The monograph integrates analysis of mid-century modernists and avant-gardes with figures from popular culture.
Fresh accounts of canonical figures (Jackson Pollock, Willem de Kooning, George Balanchine, Fred Astaire) and original work on those too little discussed (Edwin Denby, Elaine de Kooning) resound with analysis of queer iconology from Michelangelo’s David to James Dean.

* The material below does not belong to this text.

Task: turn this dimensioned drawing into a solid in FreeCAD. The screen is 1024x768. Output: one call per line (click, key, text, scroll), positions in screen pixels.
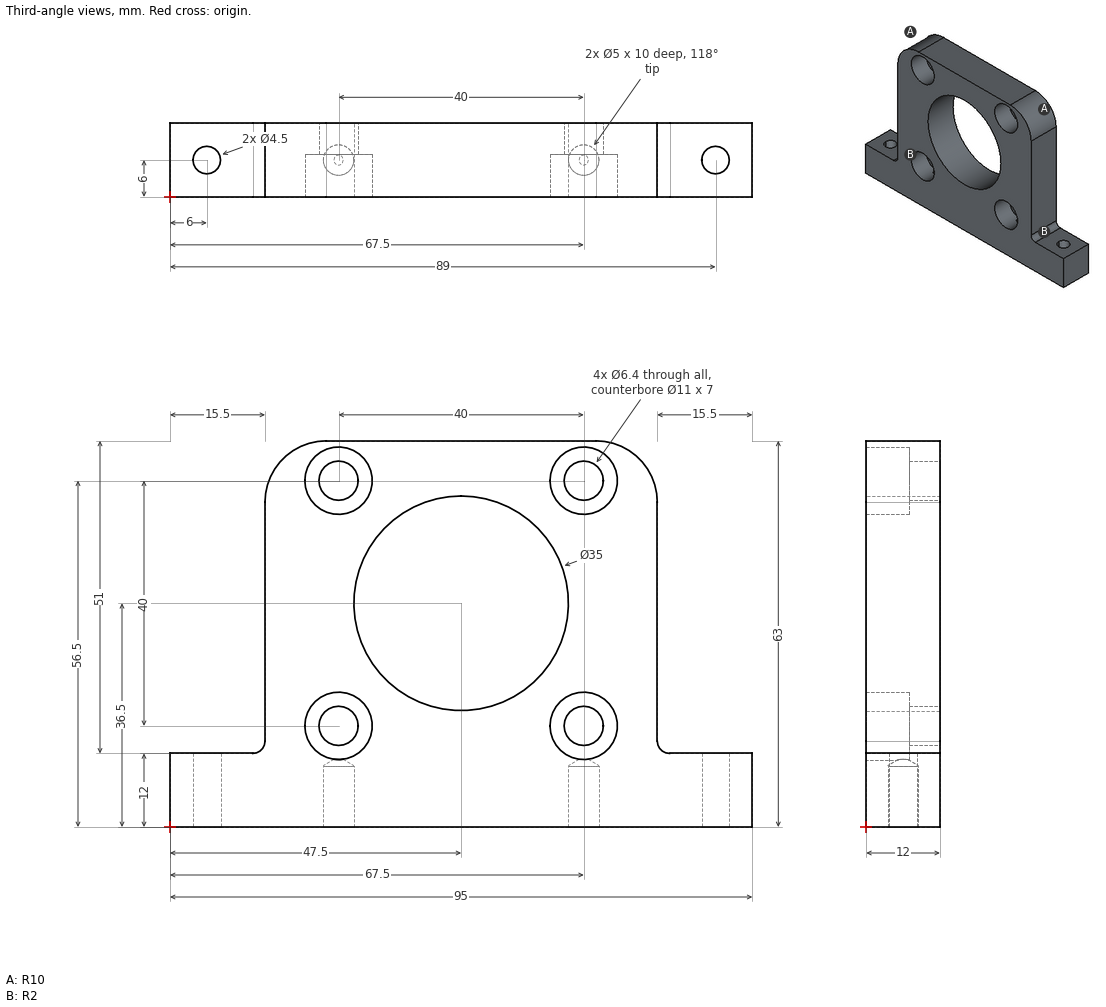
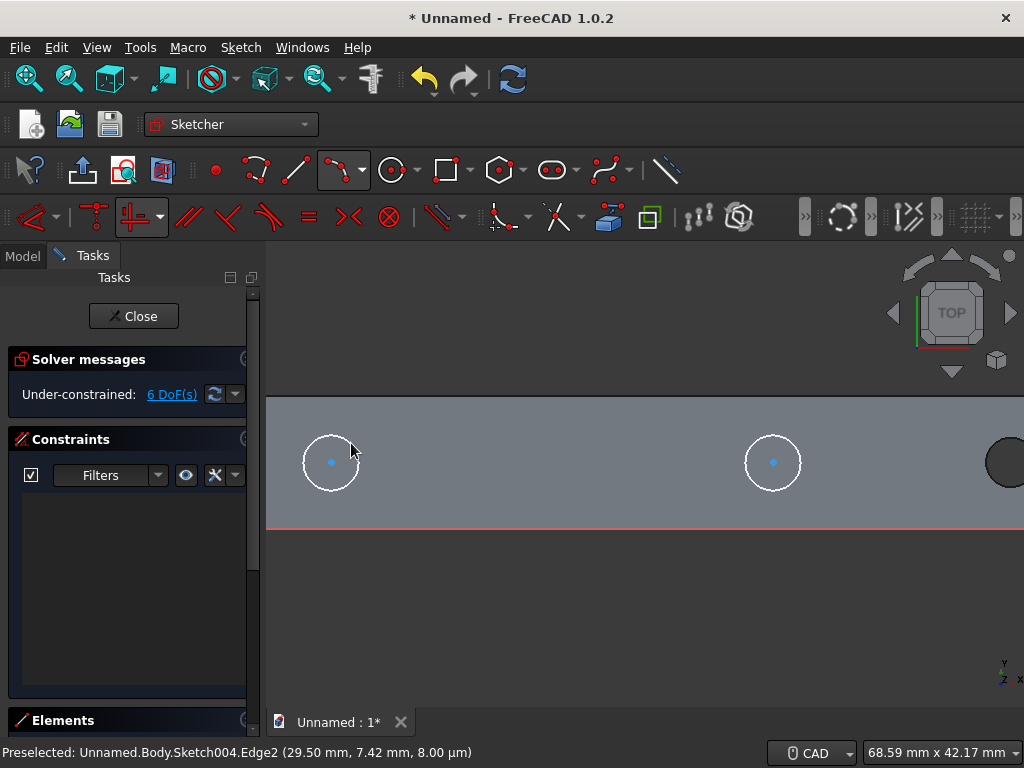
click(792, 443)

Turning away from interpretations of O’Hara’s Transcendentalism, Romanticism, or pastoralism, ‘mid-century Mannerism’ helps explain O’Hara’s self-conscious style, its play with sweet and grand grace, contortion of conventional measure, risks with affectation, conceits, nonchalance, and scrambling of high/low culture.
Mannerism also clarifies the sociability implicit in the formal innovations of the New York School.
Perfectly Disgraceful advances the study of the kinship between art mediums by retooling rhetoric and recovering a perennial manneristic tendency beyond period style.
Genealogies of grace, the figura serpentinata, sprezzatura, ornatus, and the marvellous exemplify qualities exhibited by O’Hara’s New York School.
O’Hara’s reception has been tied to painting, predominantly Abstract Expressionism.
He was, however, a balletomane, a fan, for whom ballet was ‘made up exclusively of qualities which other arts only aspire to in order to be truly modern’.
Relaying ballet’s mannerist origins and aesthetics, and demonstrating its influence alongside Broadway and Hollywood musical-dance on art and poetry, completes this portrait of mid-century modernity.